One Zero is working on a ChatGPT-like chatbot for customer service, and this week employees opted to join optional planning meetings and decided not to move the deadlines, Bar Dea said. The person leading the ChatGPT efforts, an Air Force pilot who has been drafted, chose to join conference calls in his military uniform in between his duties, Bar Dea said.
“Many, many members of the tech community have been called up to reserve duty,” Yaniv Sadka, an investment associate at aMoon, a health tech and life sciences-focused venture capital firm, told CNBC, adding that a large swath of the community has been called to serve in Israel’s intelligence units as their reserve duty.
“I will have, by tonight, already been to two military funerals,” Sadka said.
Some members of Israel’s tech community are working overtime on tech tools specific to the conflict, such as a bulletin board-type website for missing persons, cyberattack defense tools, a GoFundMe-like tool and even a resource for finding online psychologists, according to Bar Dea.
“It’s pretty amazing — it’s the secret sauce of Israel … startup nation,” Bar Dea told CNBC, adding, “In two days, people are raising money, volunteering, taking kids in, building new houses, walking deserted dogs. … All the high-tech companies. People are building cyber stuff, communication stuff … stuff to help civilians … websites to find hostages.”
Sadka said that he’s “never seen anything like” the mass donations and mass volunteering happening at the moment.
“It’s thousands upon thousands upon thousands of people taking care of each other. There are everyone from teenagers to senior citizens helping,” he said.

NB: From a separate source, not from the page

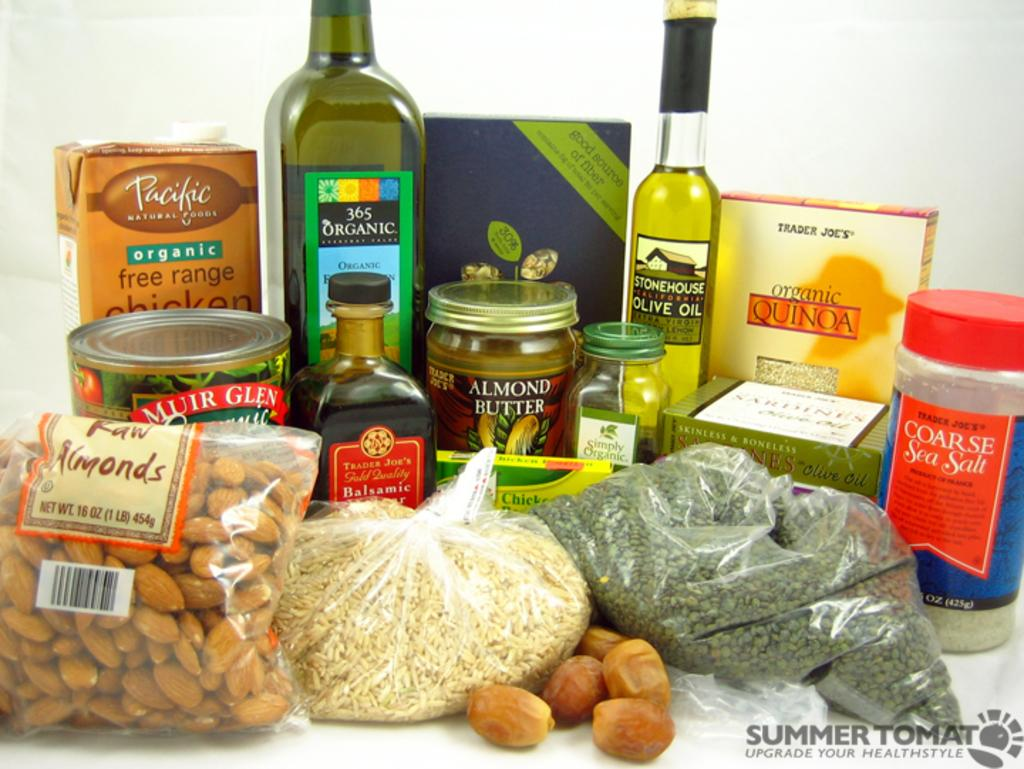<image>
Share a concise interpretation of the image provided. A box of organic quinoa sits with other grocery items.

Five minutes before Bar Dea’s call with CNBC, he said he heard sirens blaring from his office, and that his wife had taken his kids inside their home to shelter in place.
“It’s interesting trying to be the CEO of a bank or high-tech company, meanwhile I’m the father of a 10-year-old and a 6-year-old,” Bar Dea said, adding, “It’s very tough. It’s something we’ve never experienced before, ever. … Everyone is trying to get our hands around how to deal with it from a business perspective and also from a personal perspective.”
Sadka added, “It’s very difficult to concentrate on work when you’re dealing with all these personal matters and on securing yourself and the country.”